Side Work
Kaya leaves her house, as if she were going to school. At the bus stop, the bartender meets her in his burgundy sedan that slithers low on the street.
“I can’t stay with you. I have too much to do today,” he says as soon as she opens the door. She steps in and slams it shut over his muttered sorry.
She wonders if the back seat, farther from his scowl and cigarette smoke, would have been a wiser choice. Why not make the drive as impersonal as he’s trying to pretend it is? Like he didn’t spend the past two months standing around the side-work station at the diner while she rolled napkins and refilled ketchup bottles, surrounding her with his cologne and commentary about people he served in the adjoining bar.
On her first night he’d told her, “A guy asked for a glass of milk with his scotch. For his ulcer.” He laughed and his eyes disappeared under folds of skin. He made her feel grown up.
Like he didn’t sneak Seagram’s Seven in her cokes when she went to the bar for lime slices. Or to pick up cranberry juice for women at her tables who touched their bellies when explaining they didn’t drink cocktails or soda. She is two and a half years away from serving actual drinks.
“We’re separated,” he said about the wife who called when he worked later than ten.
“She moved out,” he said.
“I had fun with you tonight,” he said into her neck after he parked behind a swimming pool supplies store on the way home from a bar where his friend worked, where she didn’t need an ID.

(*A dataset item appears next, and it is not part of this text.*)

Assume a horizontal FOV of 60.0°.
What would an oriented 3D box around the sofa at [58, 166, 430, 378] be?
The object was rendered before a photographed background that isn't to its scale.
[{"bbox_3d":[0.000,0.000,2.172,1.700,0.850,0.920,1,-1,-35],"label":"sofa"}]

She leaned into the tickle of his voice. He guided her into a reclining position across the width of the sedan. He climbed on top. It was over in less than ten minutes. Despite his age, it was no different than with high school boys.
The next day at work he showed up with a blonde child. An older waitress named Dorie asked the boy about school.
“We’re studying birds,” he said. “I can name fifty different kinds.”
“I didn’t know you had a son,” Kaya said.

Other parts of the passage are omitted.